Items from a data source

↓

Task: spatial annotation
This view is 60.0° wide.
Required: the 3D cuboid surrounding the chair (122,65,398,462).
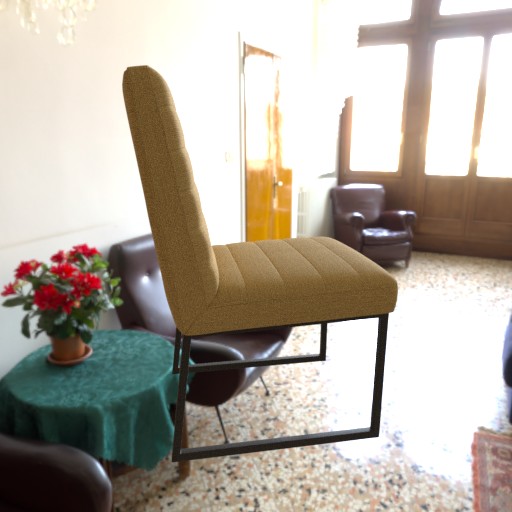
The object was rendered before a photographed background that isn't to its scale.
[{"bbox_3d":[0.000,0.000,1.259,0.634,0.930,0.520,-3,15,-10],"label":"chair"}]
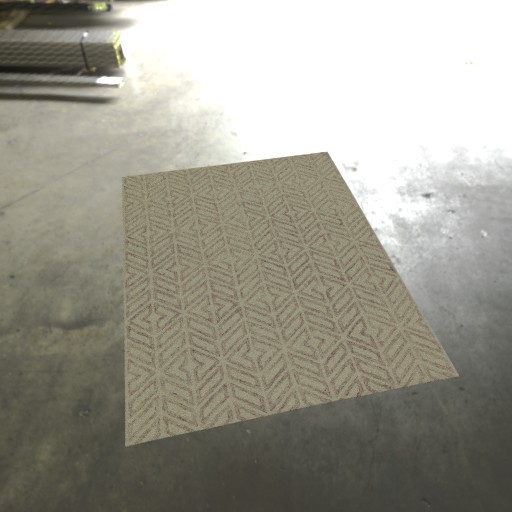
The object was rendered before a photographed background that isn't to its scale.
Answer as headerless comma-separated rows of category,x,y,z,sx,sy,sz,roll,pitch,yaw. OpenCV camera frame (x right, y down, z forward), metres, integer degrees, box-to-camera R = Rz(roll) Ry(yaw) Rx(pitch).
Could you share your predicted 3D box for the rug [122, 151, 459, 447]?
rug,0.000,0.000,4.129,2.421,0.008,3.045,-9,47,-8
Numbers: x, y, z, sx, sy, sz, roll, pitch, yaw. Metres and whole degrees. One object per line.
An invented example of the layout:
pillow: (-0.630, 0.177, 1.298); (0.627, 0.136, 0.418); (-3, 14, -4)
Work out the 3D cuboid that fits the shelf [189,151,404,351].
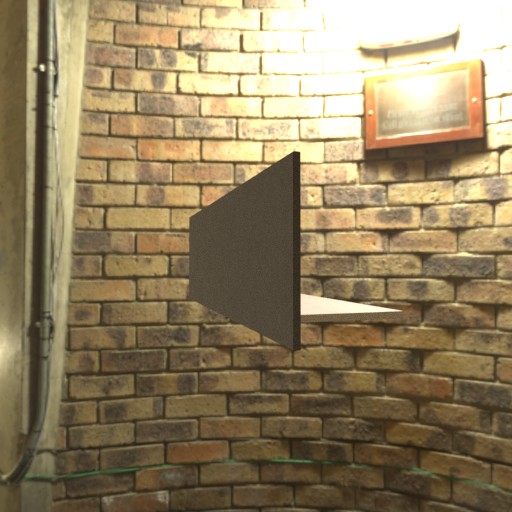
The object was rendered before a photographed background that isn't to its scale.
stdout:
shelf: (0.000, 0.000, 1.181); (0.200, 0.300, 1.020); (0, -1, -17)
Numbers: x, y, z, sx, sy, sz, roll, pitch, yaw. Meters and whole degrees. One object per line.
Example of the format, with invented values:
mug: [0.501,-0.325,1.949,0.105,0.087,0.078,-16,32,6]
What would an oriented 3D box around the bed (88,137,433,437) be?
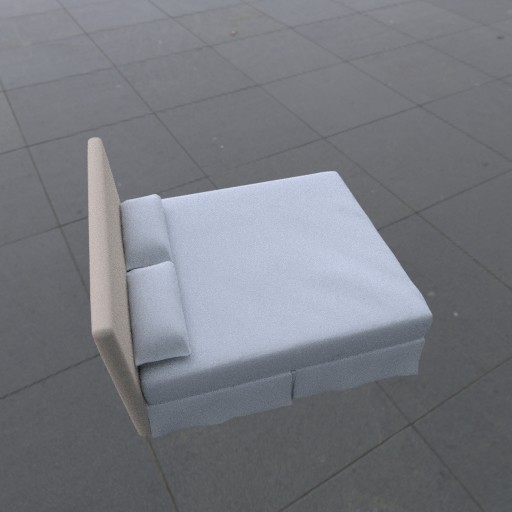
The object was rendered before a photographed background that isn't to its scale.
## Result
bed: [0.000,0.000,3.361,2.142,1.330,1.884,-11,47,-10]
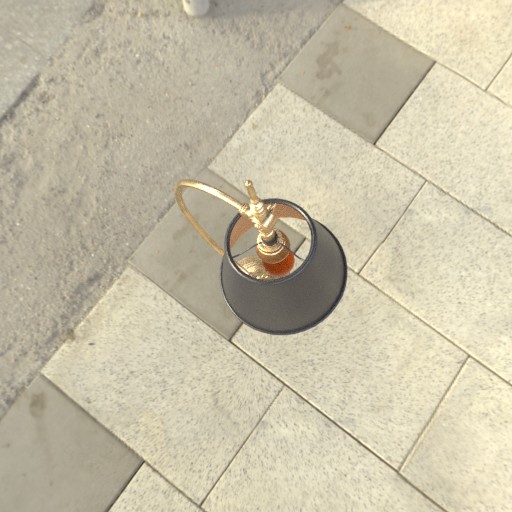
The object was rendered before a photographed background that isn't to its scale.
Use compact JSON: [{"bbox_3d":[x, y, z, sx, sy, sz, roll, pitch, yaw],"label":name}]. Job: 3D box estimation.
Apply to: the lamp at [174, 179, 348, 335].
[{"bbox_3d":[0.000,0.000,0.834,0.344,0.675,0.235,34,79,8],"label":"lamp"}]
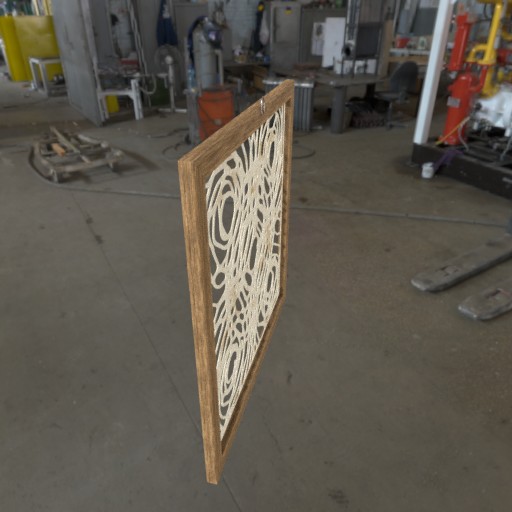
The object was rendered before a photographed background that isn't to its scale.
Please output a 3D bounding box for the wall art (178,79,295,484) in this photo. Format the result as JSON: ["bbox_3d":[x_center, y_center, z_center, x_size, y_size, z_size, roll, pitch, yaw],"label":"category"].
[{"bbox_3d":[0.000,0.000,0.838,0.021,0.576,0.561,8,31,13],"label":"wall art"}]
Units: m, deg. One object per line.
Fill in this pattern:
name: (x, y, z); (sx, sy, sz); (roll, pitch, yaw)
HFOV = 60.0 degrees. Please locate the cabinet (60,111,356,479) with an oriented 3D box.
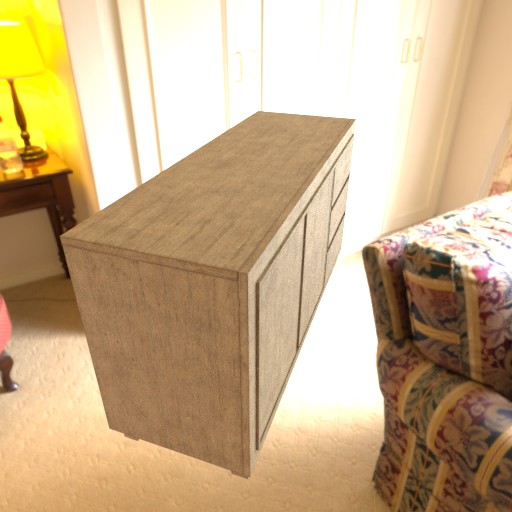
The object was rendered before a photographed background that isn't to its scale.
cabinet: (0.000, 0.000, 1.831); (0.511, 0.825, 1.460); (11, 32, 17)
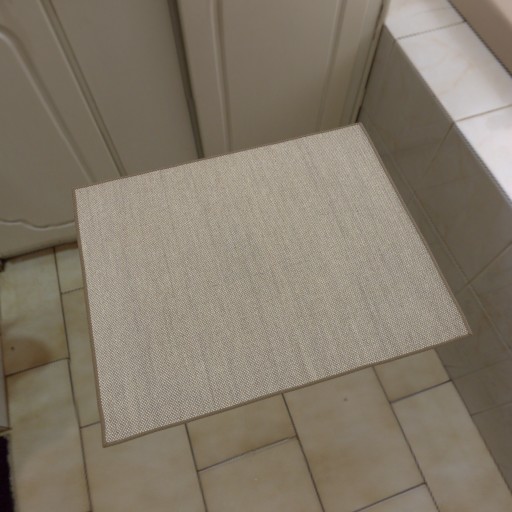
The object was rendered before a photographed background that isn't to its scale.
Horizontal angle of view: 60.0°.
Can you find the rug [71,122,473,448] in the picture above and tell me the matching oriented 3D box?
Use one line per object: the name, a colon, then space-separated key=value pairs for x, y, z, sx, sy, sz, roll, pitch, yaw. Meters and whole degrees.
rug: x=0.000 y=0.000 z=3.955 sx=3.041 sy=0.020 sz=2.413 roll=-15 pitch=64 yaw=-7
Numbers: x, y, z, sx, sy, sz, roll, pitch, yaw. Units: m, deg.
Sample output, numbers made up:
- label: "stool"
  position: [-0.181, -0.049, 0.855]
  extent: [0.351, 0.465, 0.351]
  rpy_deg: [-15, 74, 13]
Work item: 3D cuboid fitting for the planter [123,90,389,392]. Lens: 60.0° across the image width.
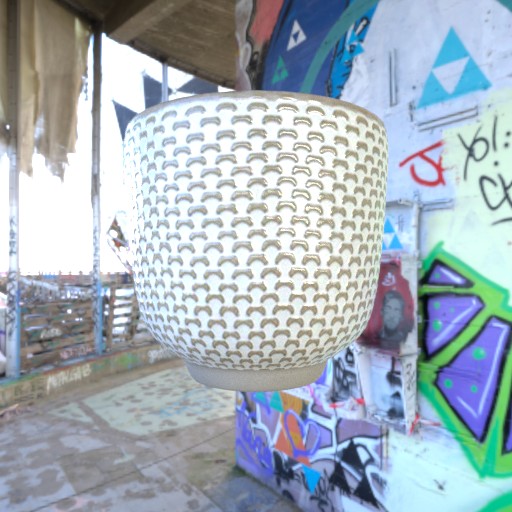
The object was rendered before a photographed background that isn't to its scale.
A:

↑

WORK ITEM: Without any of the pictures, repeat the entries above word for word.

RESPONSE BELOW:
Task: spatial annotation
This view is 60.0° wide.
Required: the 3D cuboid surrounding the chair (122,65,398,462).
The object was rendered before a photographed background that isn't to its scale.
[{"bbox_3d":[0.000,0.000,1.259,0.634,0.930,0.520,-3,15,-10],"label":"chair"}]
The object was rendered before a photographed background that isn't to its scale.
Answer as headerless comma-separated rows of category,x,y,z,sx,sy,sz,roll,pitch,yaw. OpenCV camera frame (x right, y down, z forward), metres, integer degrees, box-to-camera R = Rz(roll) Ry(yaw) Rx(pitch).
Could you share your predicted 3D box for the rug [122, 151, 459, 447]?
rug,0.000,0.000,4.129,2.421,0.008,3.045,-9,47,-8
Numbers: x, y, z, sx, sy, sz, roll, pitch, yaw. Metres and whole degrees. One object per line.
An invented example of the layout:
pillow: (-0.630, 0.177, 1.298); (0.627, 0.136, 0.418); (-3, 14, -4)
Work out the 3D cuboid that fits the shelf [189,151,404,351].
The object was rendered before a photographed background that isn't to its scale.
stdout:
shelf: (0.000, 0.000, 1.181); (0.200, 0.300, 1.020); (0, -1, -17)
Numbers: x, y, z, sx, sy, sz, roll, pitch, yaw. Meters and whole degrees. One object per line.
Example of the format, with invented values:
mug: [0.501,-0.325,1.949,0.105,0.087,0.078,-16,32,6]
What would an oriented 3D box around the bed (88,137,433,437) be?
The object was rendered before a photographed background that isn't to its scale.
## Result
bed: [0.000,0.000,3.361,2.142,1.330,1.884,-11,47,-10]
The object was rendered before a photographed background that isn't to its scale.
Use compact JSON: [{"bbox_3d":[x, y, z, sx, sy, sz, roll, pitch, yaw],"label":name}]. Job: 3D box estimation.
Apply to: the lamp at [174, 179, 348, 335].
[{"bbox_3d":[0.000,0.000,0.834,0.344,0.675,0.235,34,79,8],"label":"lamp"}]
The object was rendered before a photographed background that isn't to its scale.
Please output a 3D bounding box for the wall art (178,79,295,484) in this photo. Format the result as JSON: ["bbox_3d":[x_center, y_center, z_center, x_size, y_size, z_size, roll, pitch, yaw],"label":"category"].
[{"bbox_3d":[0.000,0.000,0.838,0.021,0.576,0.561,8,31,13],"label":"wall art"}]
Units: m, deg. One object per line.
Fill in this pattern:
name: (x, y, z); (sx, sy, sz); (roll, pitch, yaw)
HFOV = 60.0 degrees. Please locate the cabinet (60,111,356,479) with an oriented 3D box.
The object was rendered before a photographed background that isn't to its scale.
cabinet: (0.000, 0.000, 1.831); (0.511, 0.825, 1.460); (11, 32, 17)
The object was rendered before a photographed background that isn't to its scale.
Horizontal angle of view: 60.0°.
Can you find the rug [71,122,473,448] in the picture above and tell me the matching oriented 3D box?
Use one line per object: the name, a colon, then space-separated key=value pairs for x, y, z, sx, sy, sz, roll, pitch, yaw. Meters and whole degrees.
rug: x=0.000 y=0.000 z=3.955 sx=3.041 sy=0.020 sz=2.413 roll=-15 pitch=64 yaw=-7
Numbers: x, y, z, sx, sy, sz, roll, pitch, yaw. Units: m, deg.
Sample output, numbers made up:
- label: "stool"
  position: [-0.181, -0.049, 0.855]
  extent: [0.351, 0.465, 0.351]
  rpy_deg: [-15, 74, 13]
Work item: 3D cuboid fitting for the planter [123,90,389,392]. Lens: 60.0° across the image width.
The object was rendered before a photographed background that isn't to its scale.
A:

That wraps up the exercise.